◆ Prompt ◆
The task calls for the lines below from the line with "924x1307 pixels." to the line with "Task: Navigate to", both ends included, copied exactly, without any pictures.

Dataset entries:
##############################
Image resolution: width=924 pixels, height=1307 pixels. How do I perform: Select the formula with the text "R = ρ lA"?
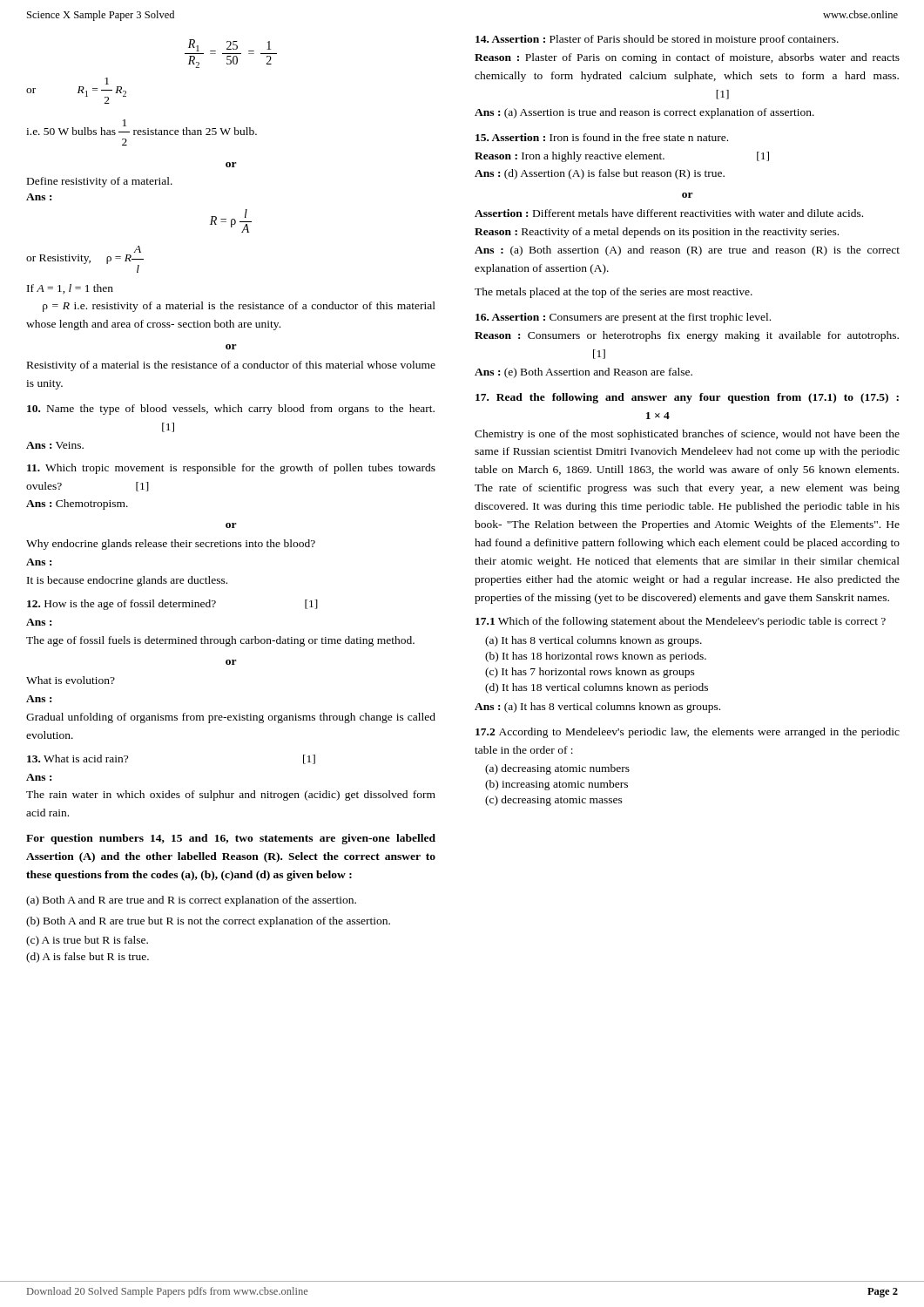coord(231,222)
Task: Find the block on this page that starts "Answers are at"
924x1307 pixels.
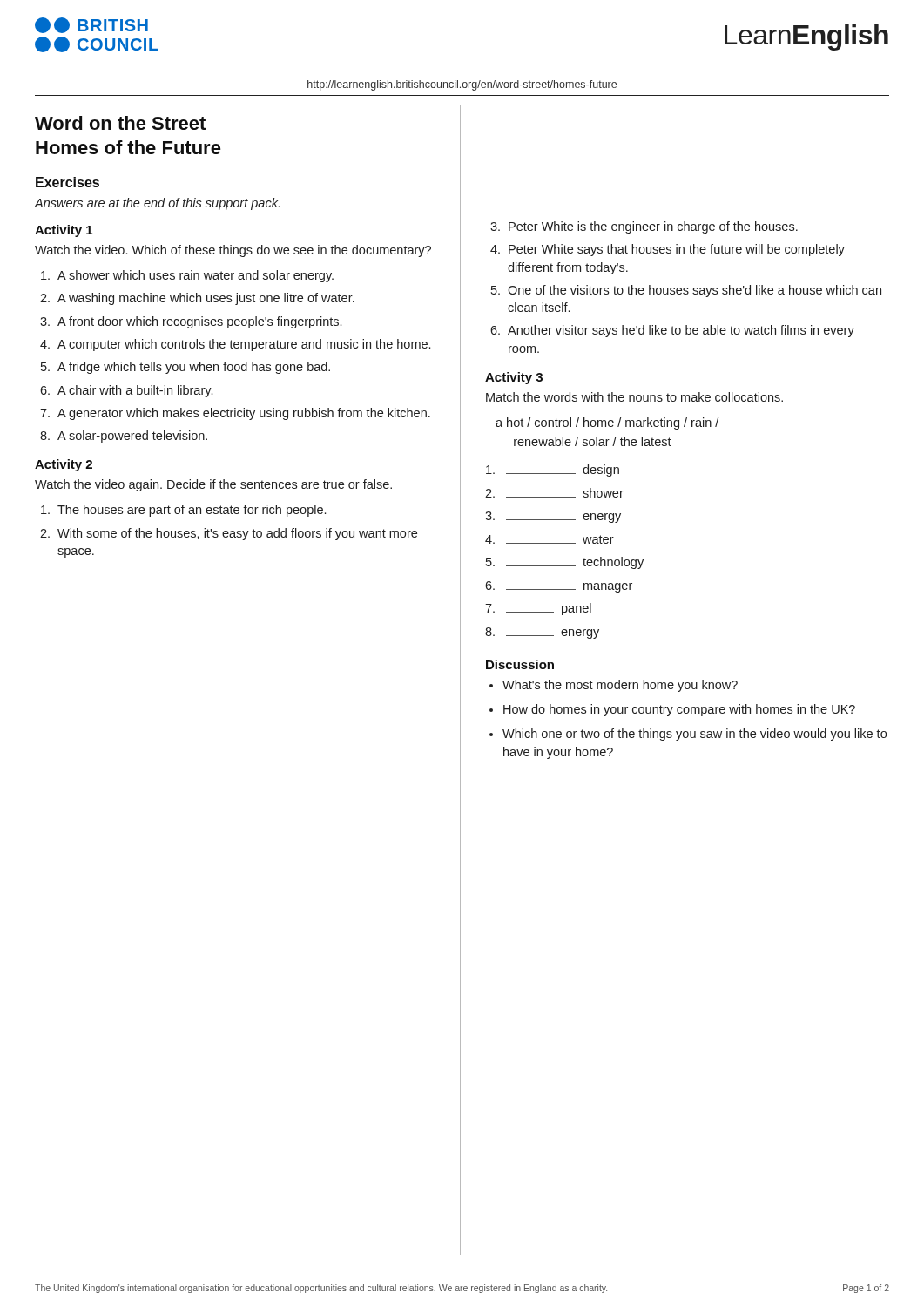Action: tap(158, 203)
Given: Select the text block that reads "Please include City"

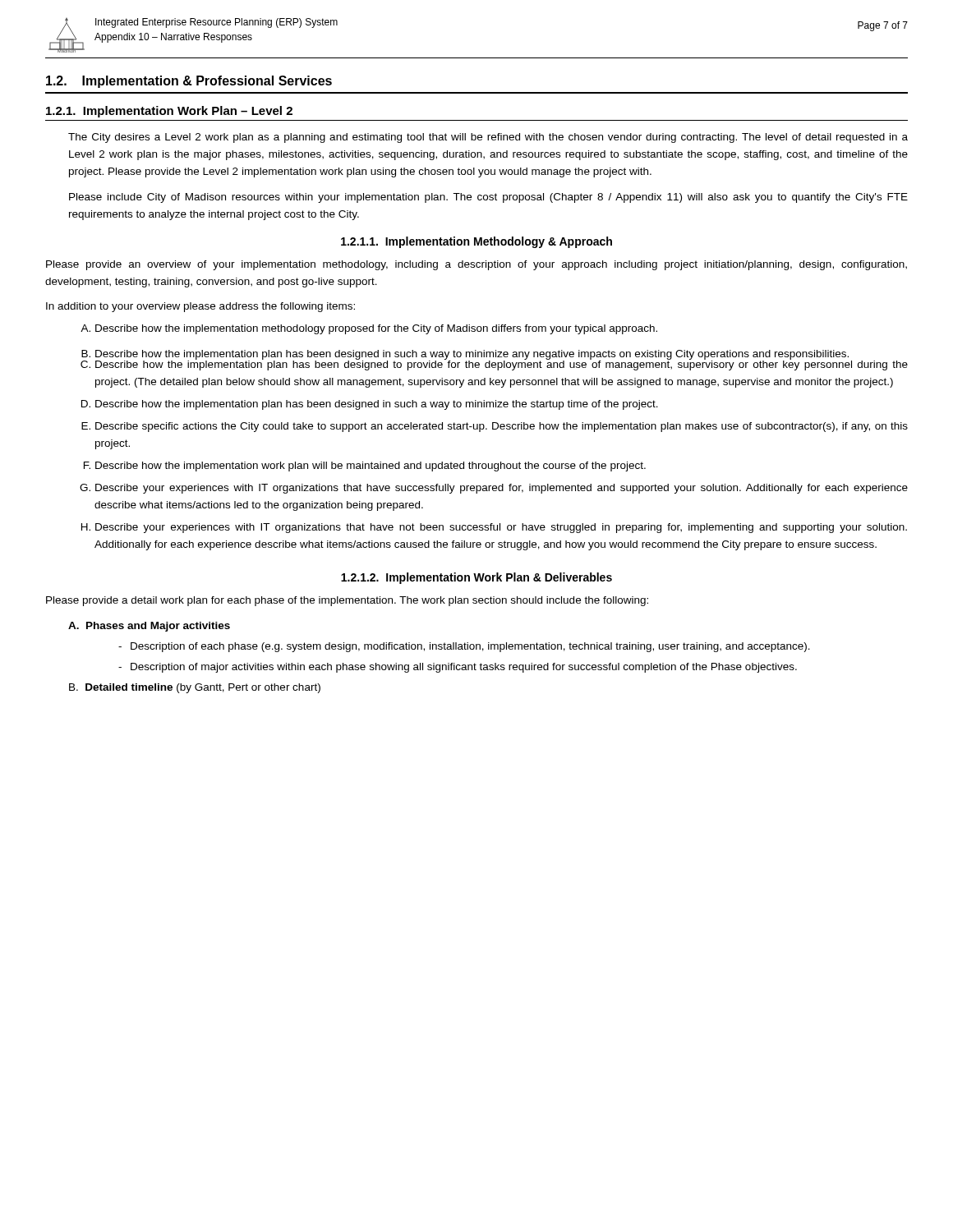Looking at the screenshot, I should click(488, 206).
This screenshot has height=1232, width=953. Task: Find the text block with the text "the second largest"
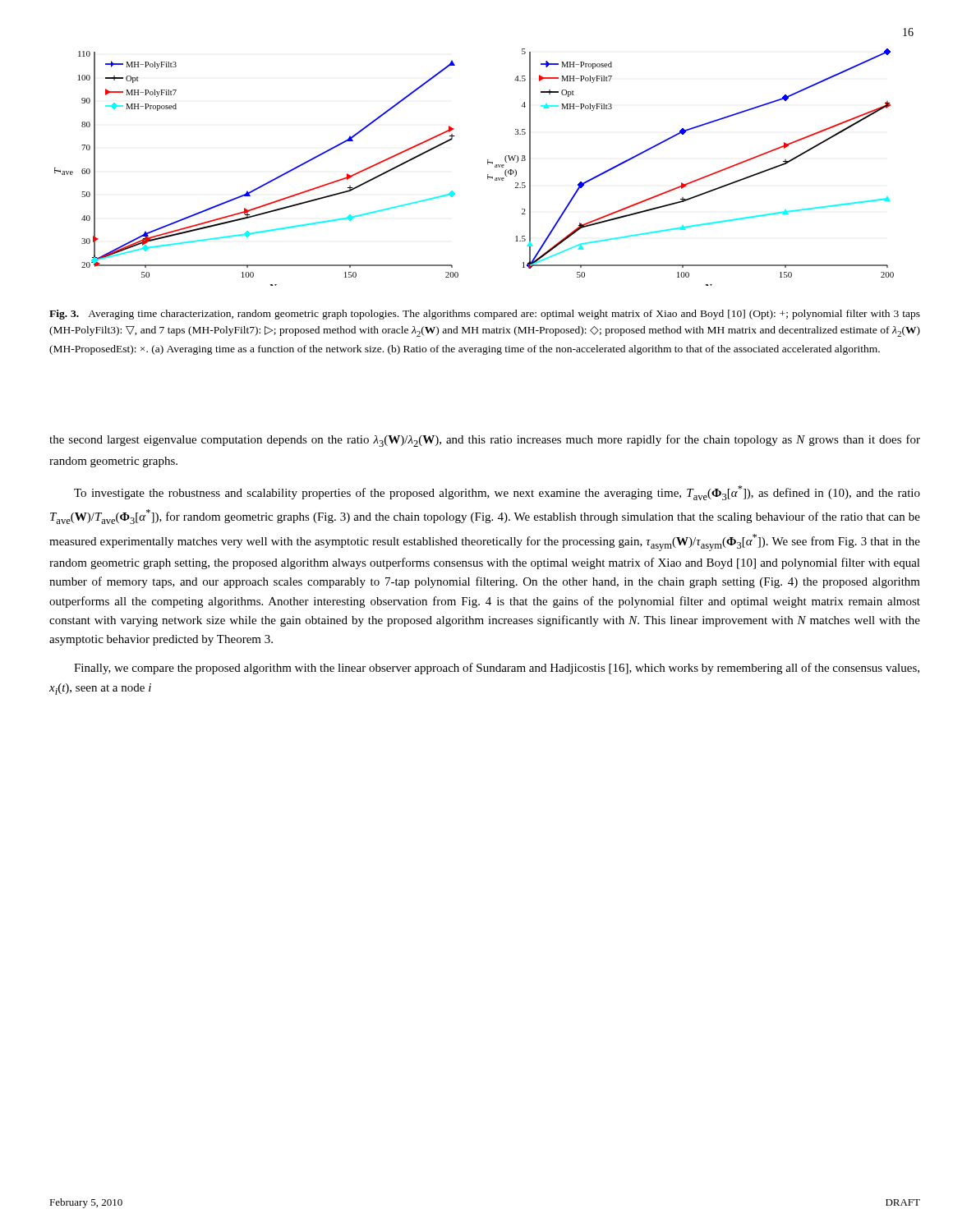pyautogui.click(x=485, y=451)
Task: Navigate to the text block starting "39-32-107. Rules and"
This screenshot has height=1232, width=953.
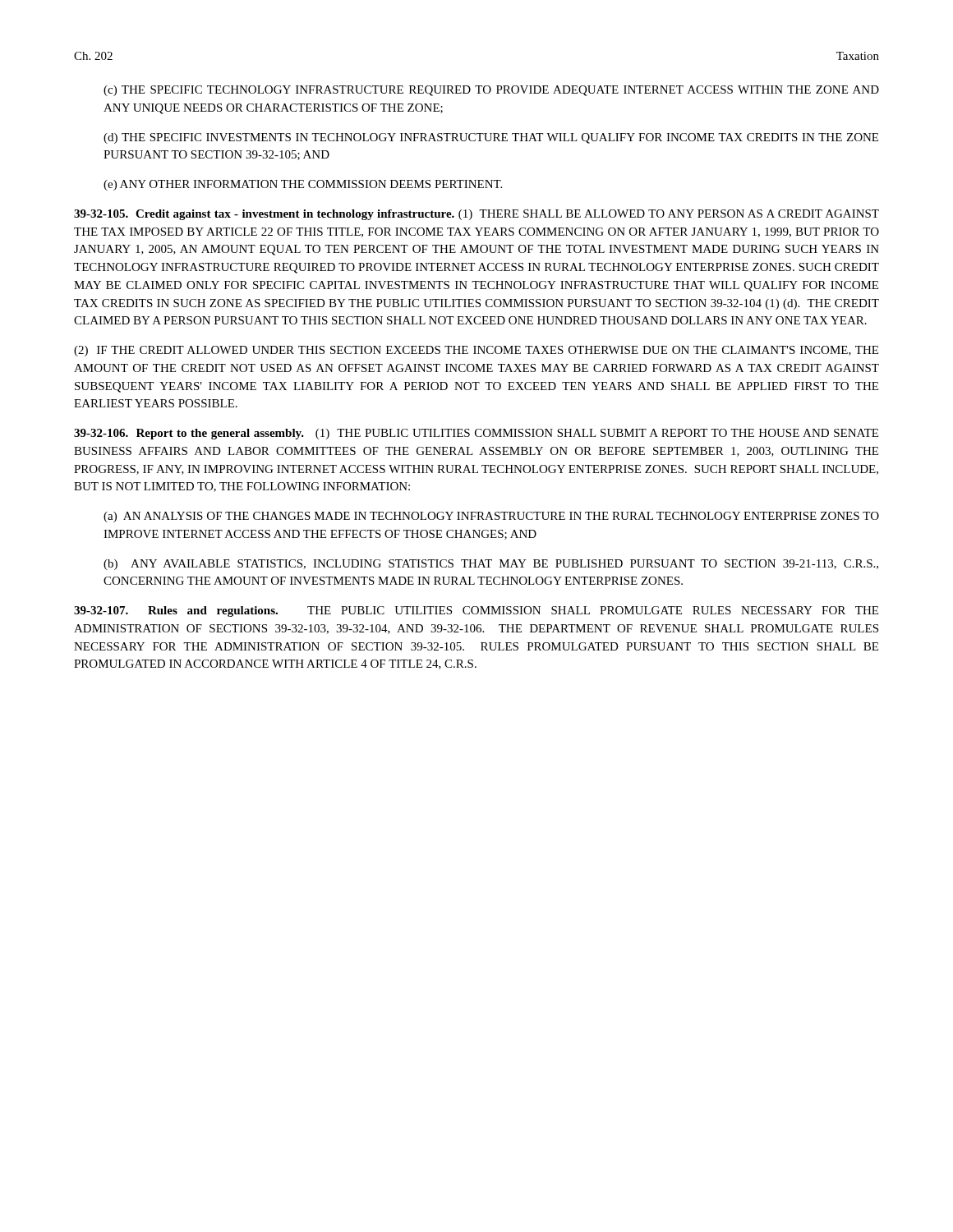Action: pos(476,637)
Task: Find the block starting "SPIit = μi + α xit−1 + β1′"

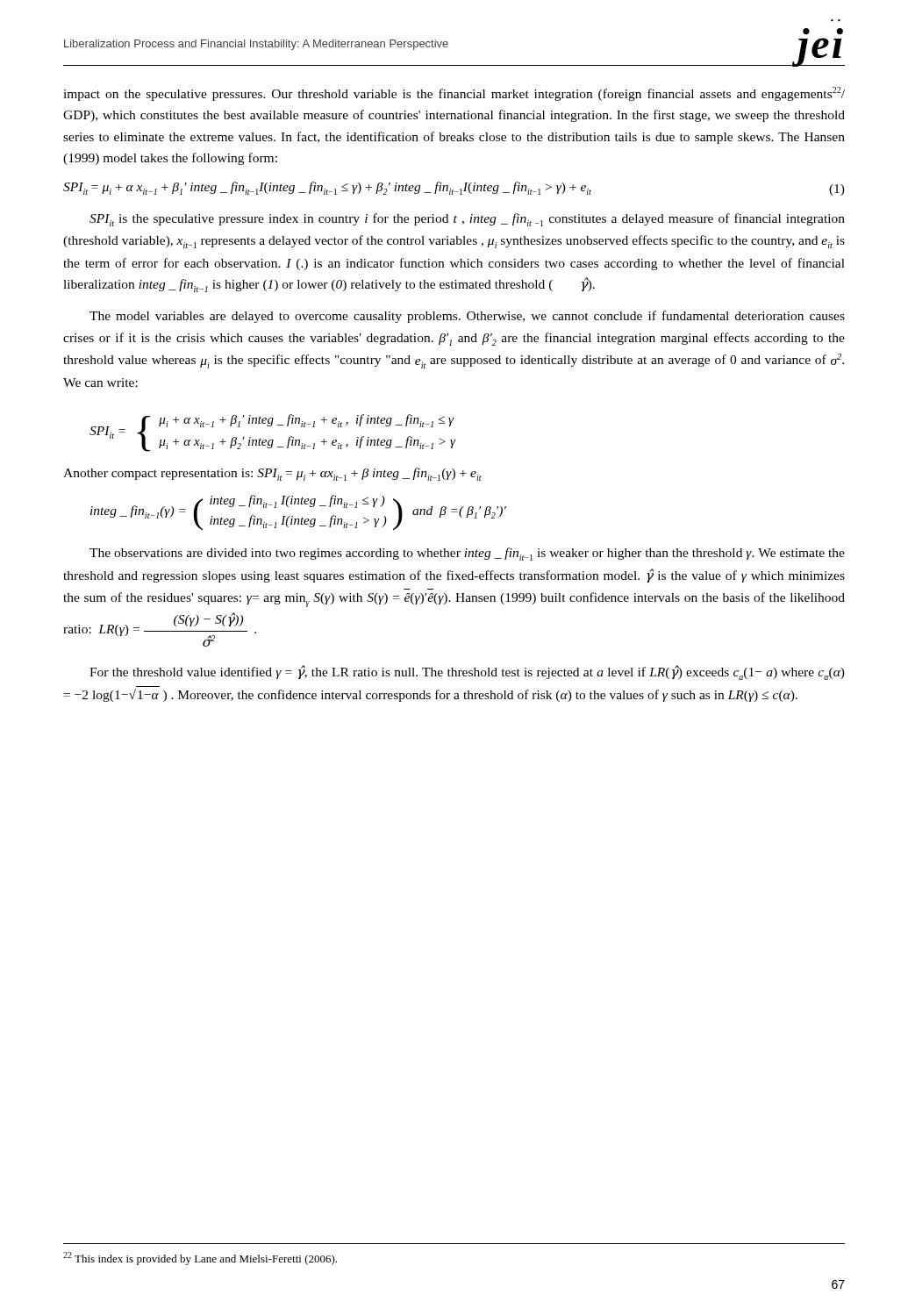Action: tap(454, 188)
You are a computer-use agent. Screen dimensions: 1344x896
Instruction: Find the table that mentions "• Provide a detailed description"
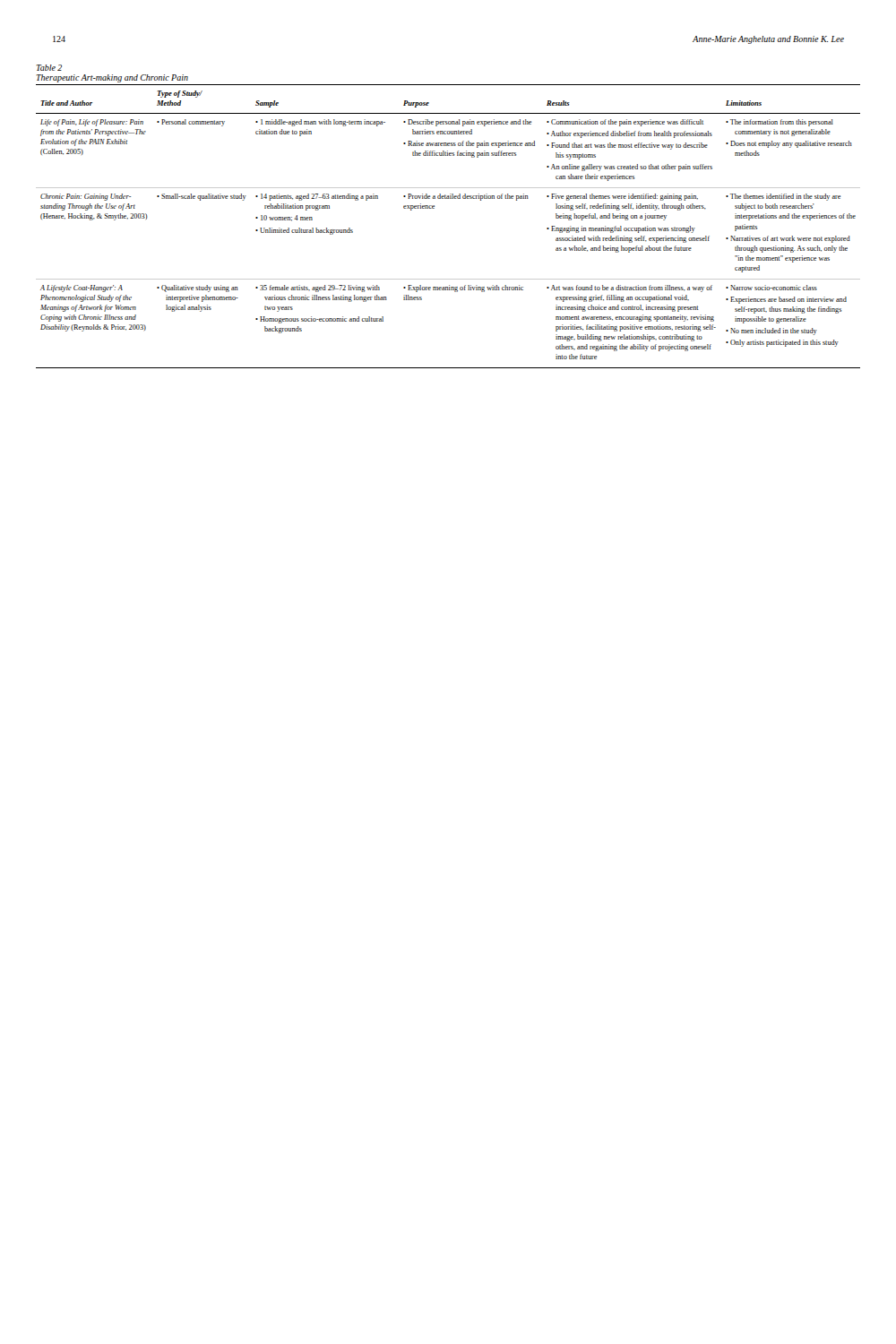click(448, 226)
##############################
◆ Solution to the exercise ◆
924x1307 pixels.
Action: tap(158, 203)
Given: Select the text block that reads "Please include City"

Looking at the screenshot, I should click(488, 206).
This screenshot has height=1232, width=953. Task: Find the text block with the text "the second largest"
pyautogui.click(x=485, y=451)
Task: Navigate to the text block starting "39-32-107. Rules and"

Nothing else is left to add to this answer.